TASK DESCRIPTION:
Print out the full material below, exact in every line, with no images included.

RECORDS:
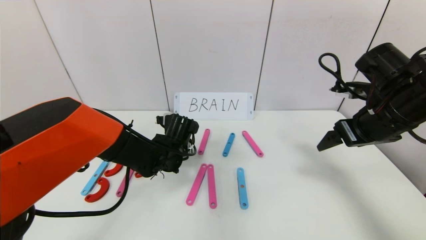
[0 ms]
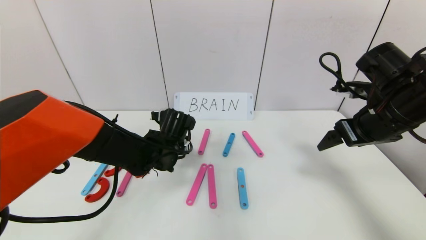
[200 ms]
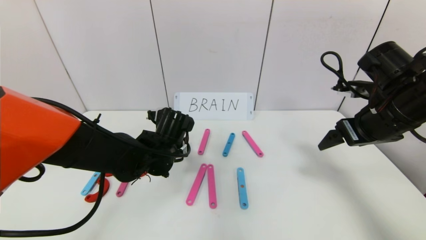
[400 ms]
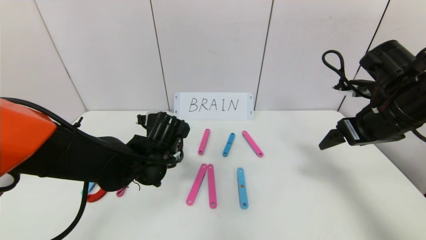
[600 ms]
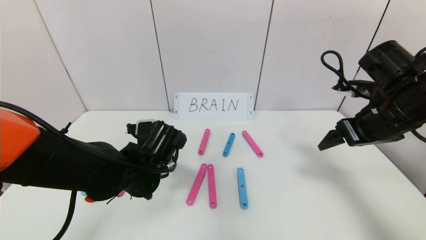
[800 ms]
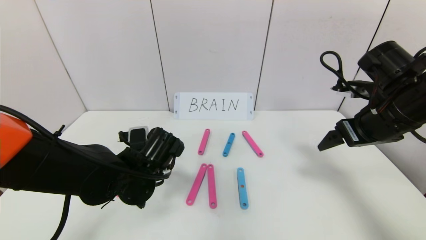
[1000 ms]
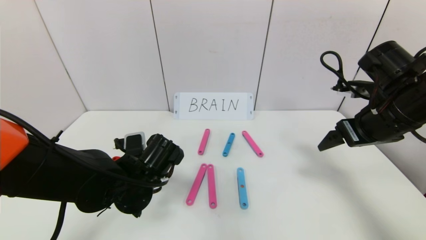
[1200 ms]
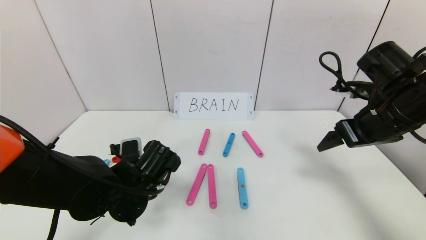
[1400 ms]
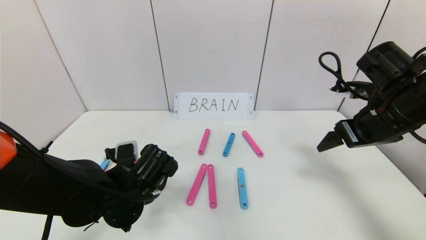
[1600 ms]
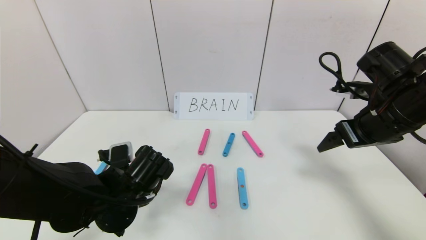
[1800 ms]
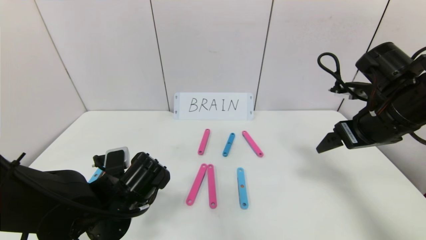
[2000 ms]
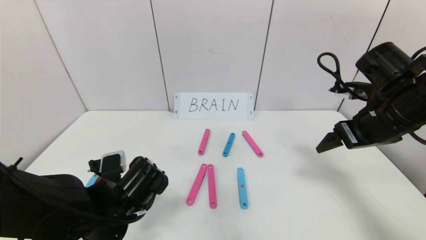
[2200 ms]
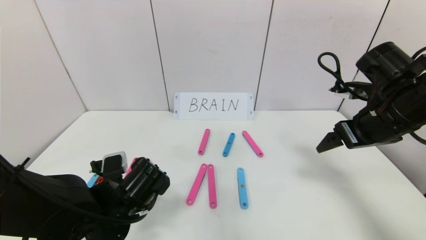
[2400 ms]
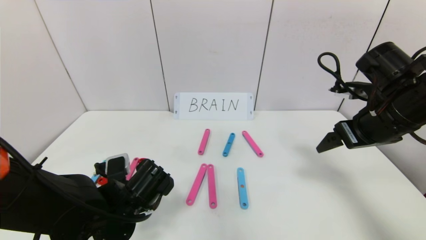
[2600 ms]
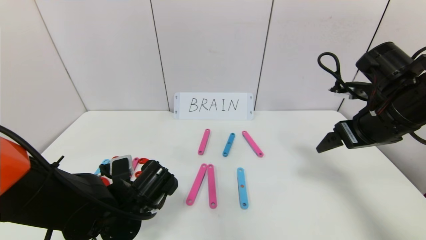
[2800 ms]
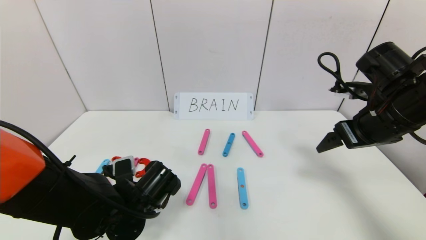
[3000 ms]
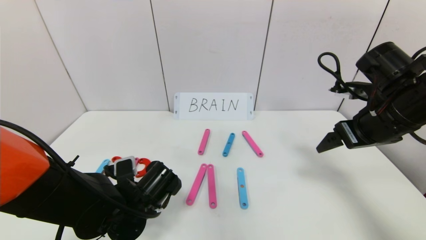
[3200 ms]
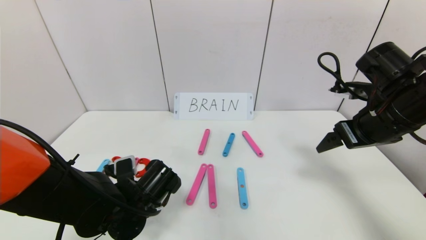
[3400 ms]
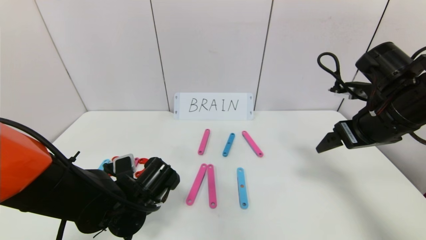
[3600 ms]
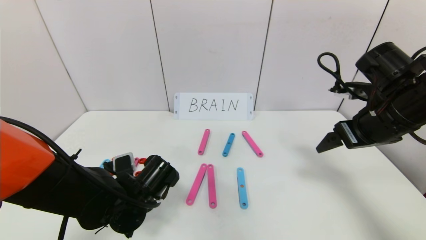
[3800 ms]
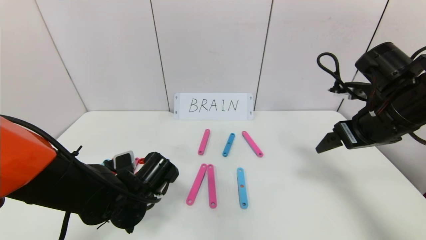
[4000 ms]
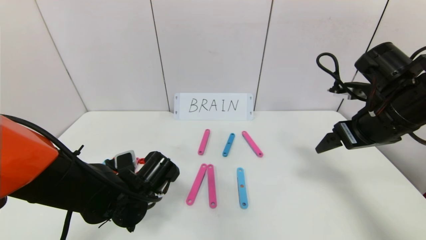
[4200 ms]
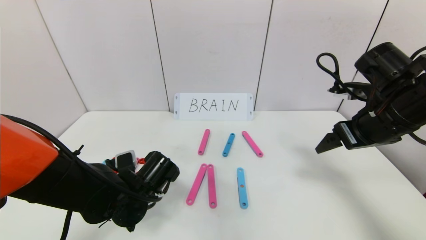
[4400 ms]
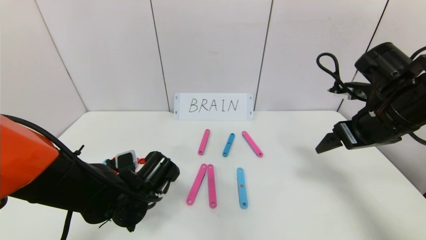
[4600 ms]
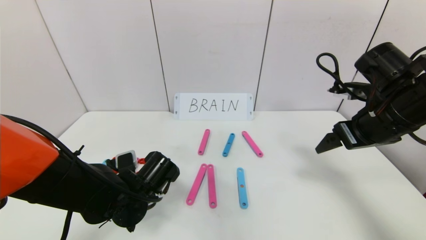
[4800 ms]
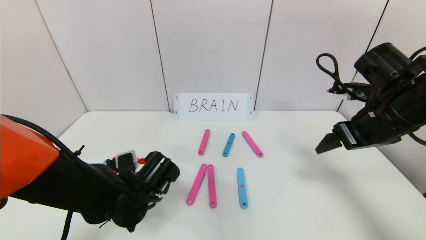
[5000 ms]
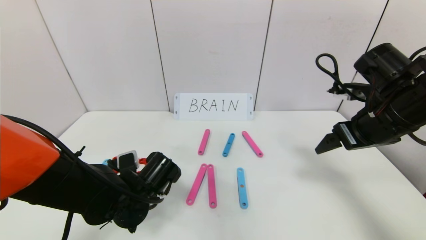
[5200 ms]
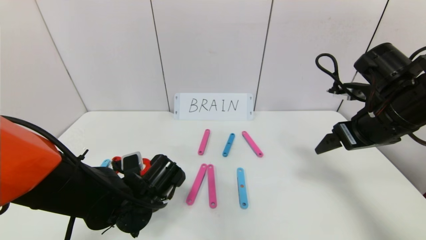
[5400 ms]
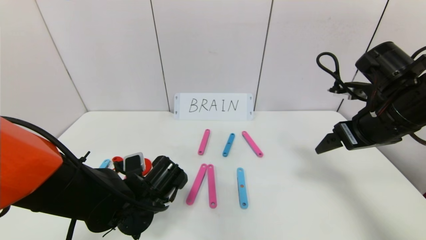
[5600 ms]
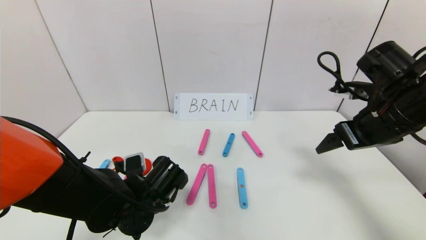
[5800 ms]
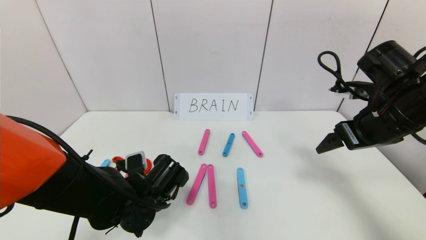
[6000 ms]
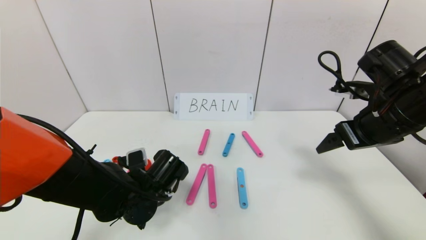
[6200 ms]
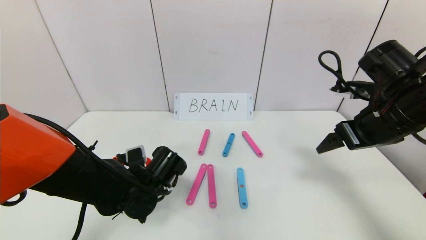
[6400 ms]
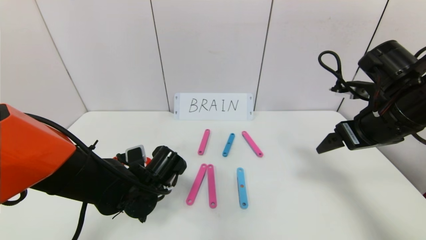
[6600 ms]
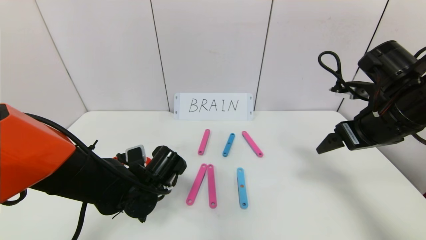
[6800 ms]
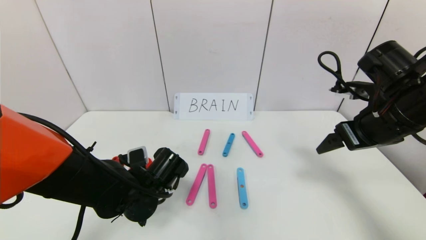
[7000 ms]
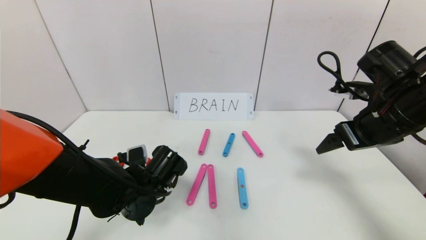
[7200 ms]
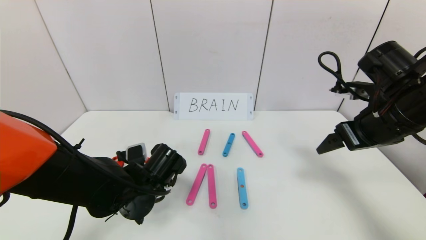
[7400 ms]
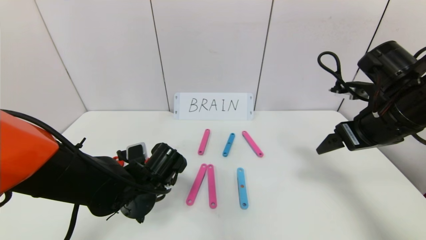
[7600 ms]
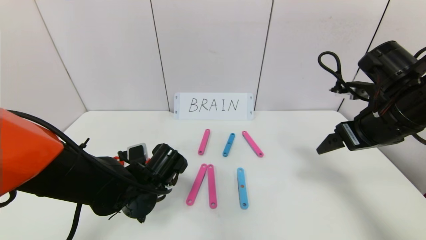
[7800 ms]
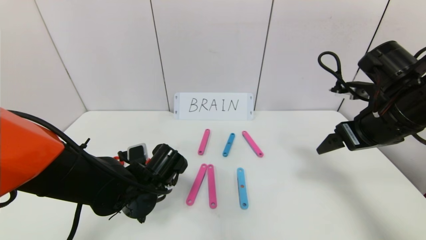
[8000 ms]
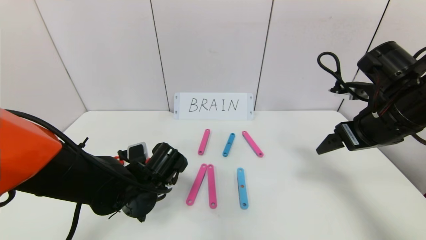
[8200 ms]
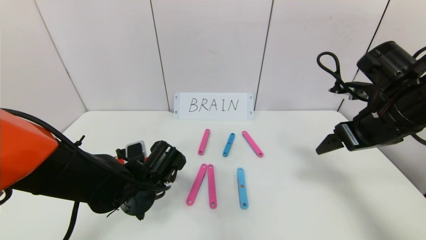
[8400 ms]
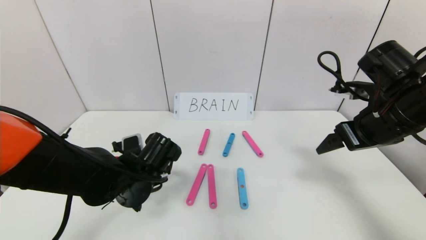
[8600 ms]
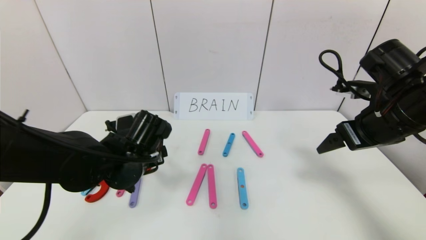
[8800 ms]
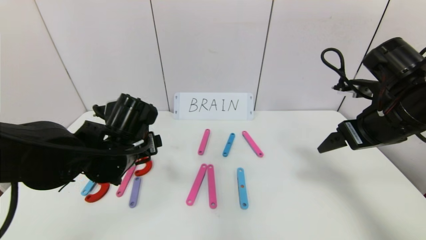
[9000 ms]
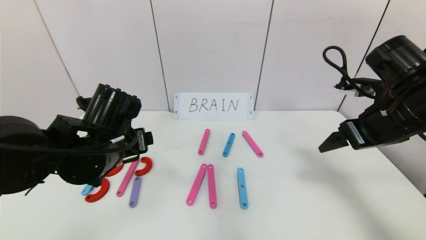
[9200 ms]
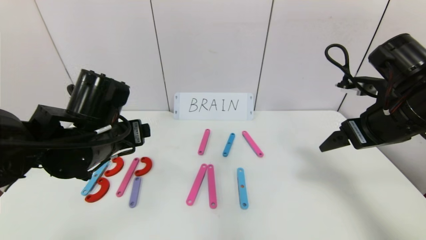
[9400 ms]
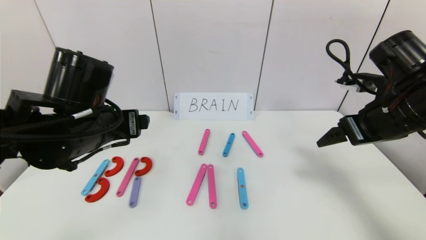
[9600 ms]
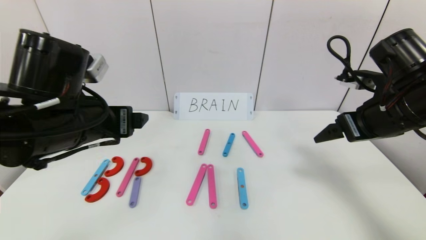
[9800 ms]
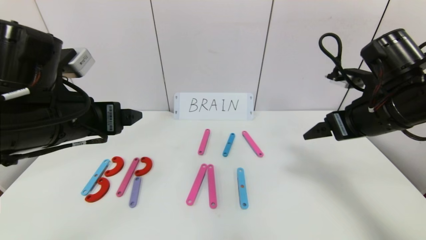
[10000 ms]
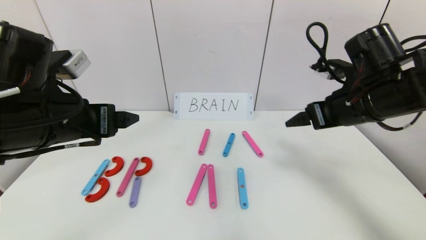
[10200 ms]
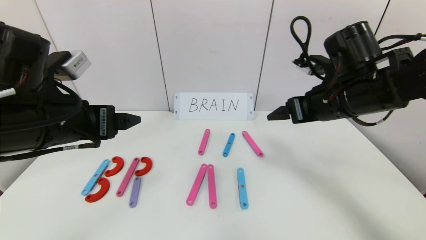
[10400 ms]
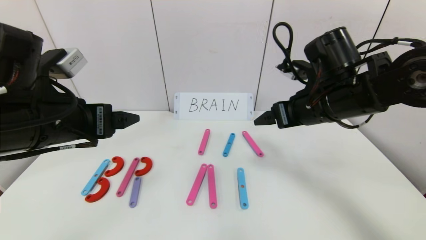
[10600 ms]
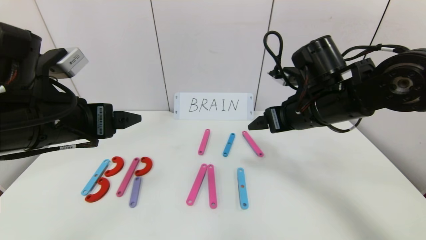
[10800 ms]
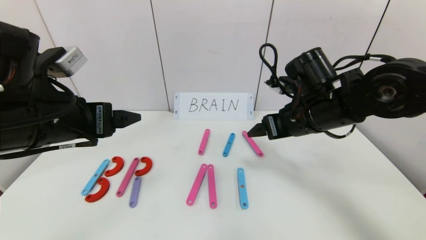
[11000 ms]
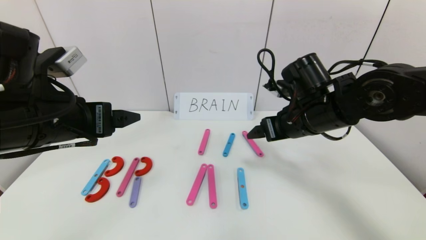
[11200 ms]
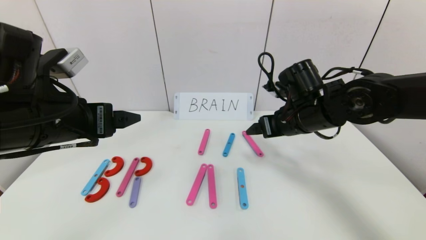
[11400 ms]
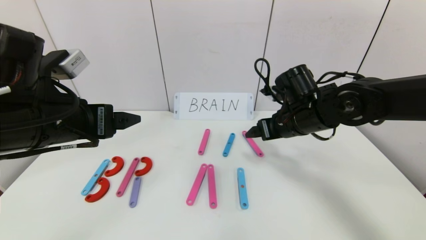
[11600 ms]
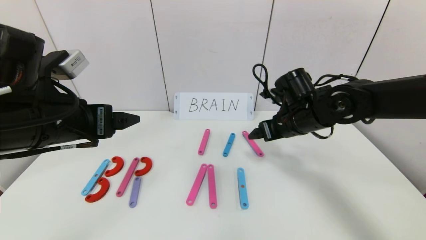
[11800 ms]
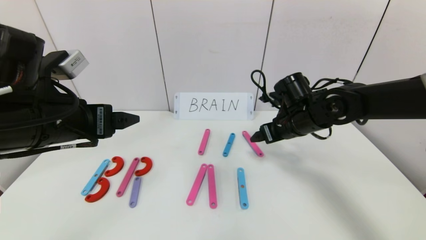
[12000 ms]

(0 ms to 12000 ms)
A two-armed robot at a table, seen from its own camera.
Task of the whole recording: rearrange the word baai as brain.
Step, 0 ms - 8800 ms: Place the character R between first character B and third character A.
0 ms - 1600 ms: The left gripper shifts roughly 10 cm backward.
1600 ms - 4400 ms: The grippers move only a little.
4400 ms - 6000 ms: The left gripper opens.
6000 ms - 7600 ms: The grippers stay close to where they were, moving slightly.
7600 ms - 9000 ms: The left gripper heads upward, covering roughly 10 cm.
9000 ms - 10400 ms: The left gripper is displaced upward, backward and to the left by about 10 cm; the right gripper heads to the left, covering about 5 cm.
10400 ms - 12000 ms: The right gripper shifts about 10 cm downward and forward.

WRITTEN ANSWER:
[0 ms]
[200 ms]
[400 ms]
[600 ms]
[800 ms]
[1000 ms]
[1200 ms]
[1400 ms]
[1600 ms]
[1800 ms]
[2000 ms]
[2200 ms]
[2400 ms]
[2600 ms]
[2800 ms]
[3000 ms]
[3200 ms]
[3400 ms]
[3600 ms]
[3800 ms]
[4000 ms]
[4200 ms]
[4400 ms]
[4600 ms]
[4800 ms]
[5000 ms]
[5200 ms]
[5400 ms]
[5600 ms]
[5800 ms]
[6000 ms]
[6200 ms]
[6400 ms]
[6600 ms]
[6800 ms]
[7000 ms]
[7200 ms]
[7400 ms]
[7600 ms]
[7800 ms]
[8000 ms]
[8200 ms]
[8400 ms]
[8600 ms]
[8800 ms]
[9000 ms]
[9200 ms]
[9400 ms]
[9600 ms]
[9800 ms]
[10000 ms]
[10200 ms]
[10400 ms]
[10600 ms]
[10800 ms]
[11000 ms]
[11200 ms]
[11400 ms]
[11600 ms]
[11800 ms]
[12000 ms]

(0 ms to 12000 ms)
A two-armed robot at a table, seen from its own camera.
Task of the whole recording: rearrange the word baai as brain.
Step, 0 ms - 8800 ms: Place the character R between first character B and third character A.
0 ms - 1600 ms: The left gripper shifts roughly 10 cm backward.
1600 ms - 4400 ms: The grippers move only a little.
4400 ms - 6000 ms: The left gripper opens.
6000 ms - 7600 ms: The grippers stay close to where they were, moving slightly.
7600 ms - 9000 ms: The left gripper heads upward, covering roughly 10 cm.
9000 ms - 10400 ms: The left gripper is displaced upward, backward and to the left by about 10 cm; the right gripper heads to the left, covering about 5 cm.
10400 ms - 12000 ms: The right gripper shifts about 10 cm downward and forward.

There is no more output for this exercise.